Snape's sudden concession caught Harry off guard, but what surprised him even more was what came next.
"I've already handed in my resignation to Dumbledore. I won't be teaching at Hogwarts next year. This school hasn't changed in decades. They've made dozens of versions of cold remedies, but the way they teach hasn't evolved at all. I'm done with Hogwarts."
"I've received an invitation from the Potion Masters' Association to serve as a guest lecturer on war potion theory. It's a good opportunity to get out and exchange ideas with other potion masters."
"What about the potions class at Hogwarts?"
"I've written to my mentor, Horace Slughorn, a master of potion-making specializing in beneficial potions. He's one of the few who guided me. When I studied under him, I focused on curse-breaking potions and poisons before moving into the more complex field of war potion theory."
"Your mentor, a specialist in beneficial potions, taught you curses and poisons?" Harry couldn't help but voice his confusion. "That seems a bit strange, doesn't it?"
"What's strange about it?" Snape shook his head. "If you study under a master of beneficial potions, you'll be limited to that area. But if you learn from someone who knows the opposite side of the coin, you'll benefit from both their insights. After all, the best way to understand yourself is through your enemies."

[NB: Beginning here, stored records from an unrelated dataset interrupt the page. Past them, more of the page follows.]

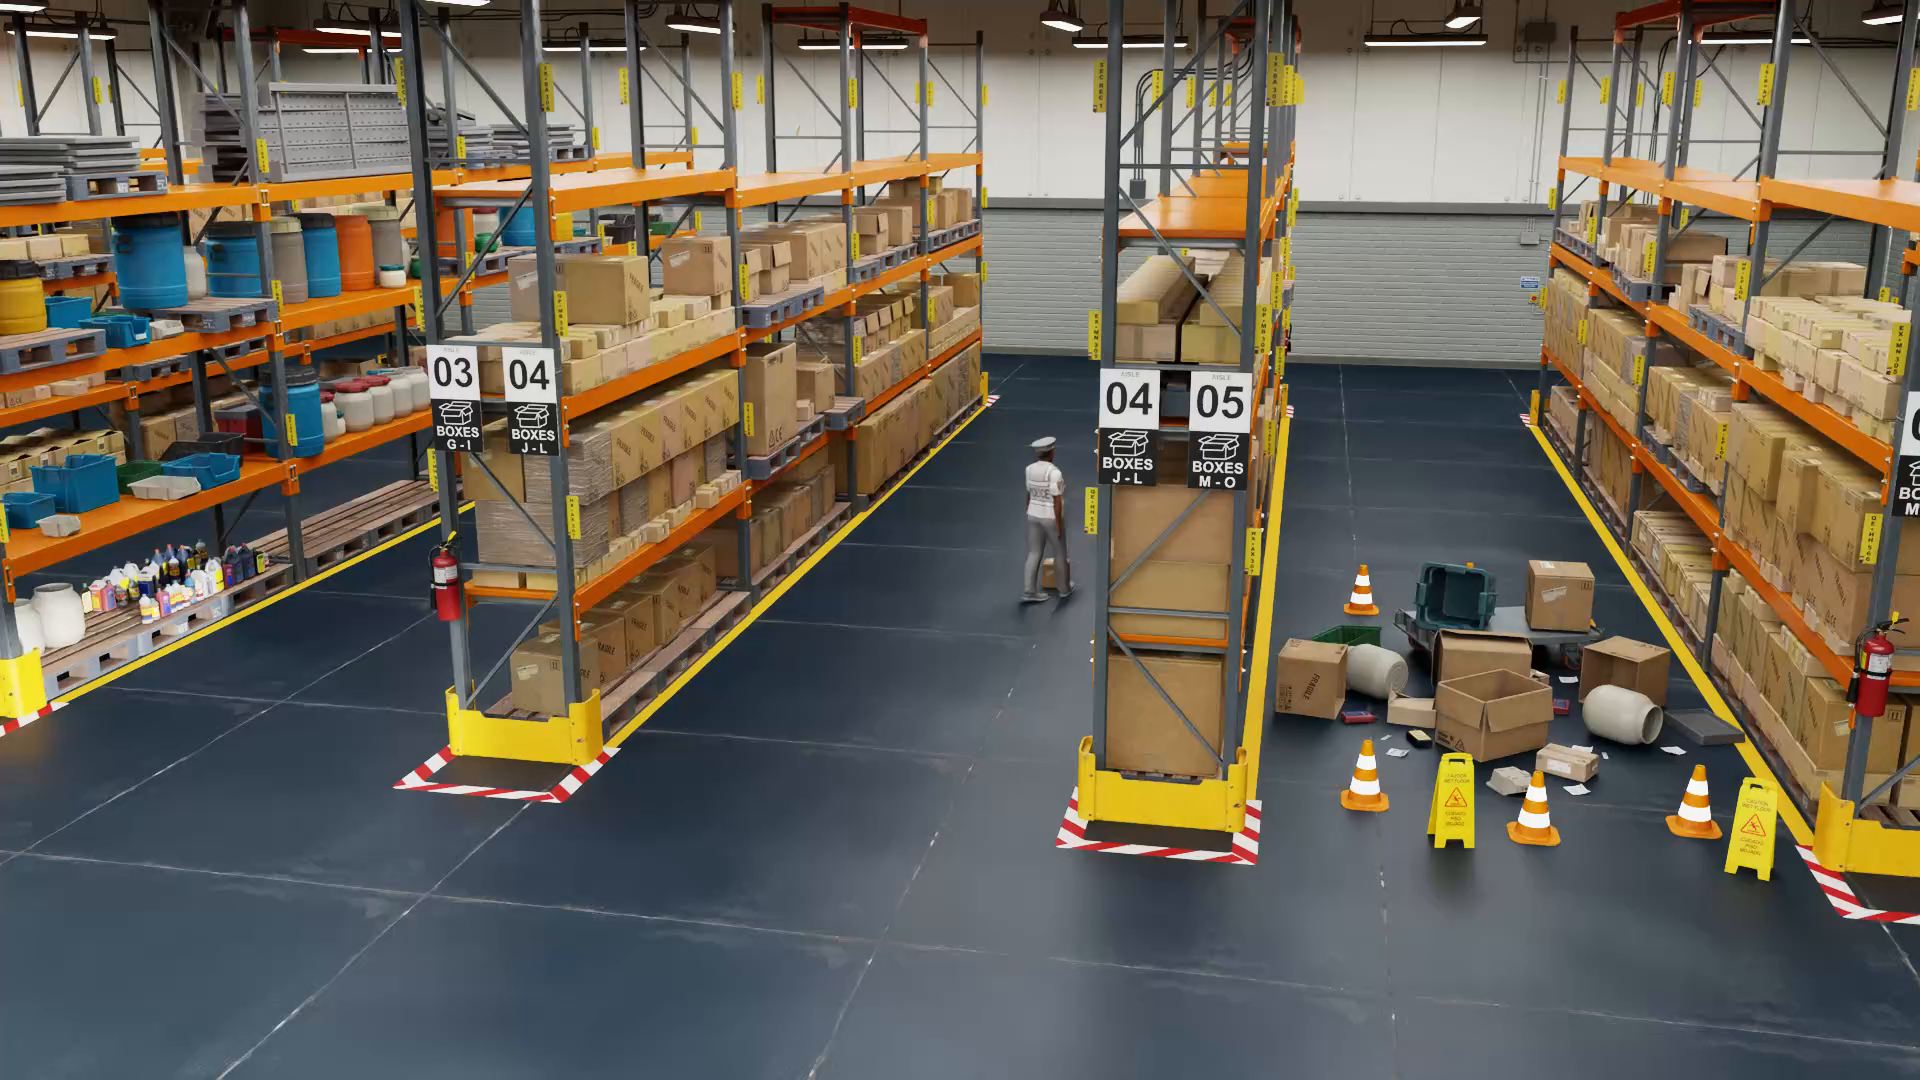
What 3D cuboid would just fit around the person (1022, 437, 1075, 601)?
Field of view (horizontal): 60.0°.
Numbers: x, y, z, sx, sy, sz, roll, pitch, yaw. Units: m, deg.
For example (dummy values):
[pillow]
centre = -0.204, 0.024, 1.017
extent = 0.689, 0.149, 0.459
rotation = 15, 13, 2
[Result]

"Oh!" Harry nodded in understanding. "I see now."
"When you have some time during the holidays, come with me to visit him. Your mother was also valued by Professor Slughorn. He's a bit of a snob, but he has a good eye for people. He'll prepare a couple of bottles of Felix Felicis for you, a useful potion for protection. In top-tier potion-making, even a slight difference can make all the difference. I'm not skilled in beneficial potions myself."
"Felix Felicis can really make things go your way, Godfather?"
"Of course not." Snape's mood seemed to lighten as he chatted with Harry. "It enhances your sixth sense. Any potion that boosts the drinker's natural abilities is a beneficial potion, but unlike enhancement potions, these are highly draining. You shouldn't take too much, but in a critical moment, they could save your life."
"Better to lose ten years than your life, right? Sometimes, when even the ultimate life-saving potion can't help, a single dose of a beneficial potion could make the difference between life and death."
"There was once a Muggle who drank it and within ten seconds, managed to kill a juvenile giant in hand-to-hand combat. Though, after the effects wore off, he didn't last more than thirty seconds. But you should understand the kind of power that a beneficial potion can unlock. It's a kind of high-interest loan—you can't repay it in a lifetime."
"Tempting yet deadly. But it could be the trump card in a life-or-death situation. My mentor is both generous and miserly, but I believe he'd make a serious investment in you."
As they neared Hogwarts Castle, Snape's faint smile vanished, and his cold, forbidding presence took over. He strode through the door with long, determined steps, leaving behind a back that no one dared to gaze upon.
But the students didn't seem too focused on Snape. When Harry returned, leaning on his cane and beaming with sunlight, excited voices of greeting rang through the Hogwarts campus.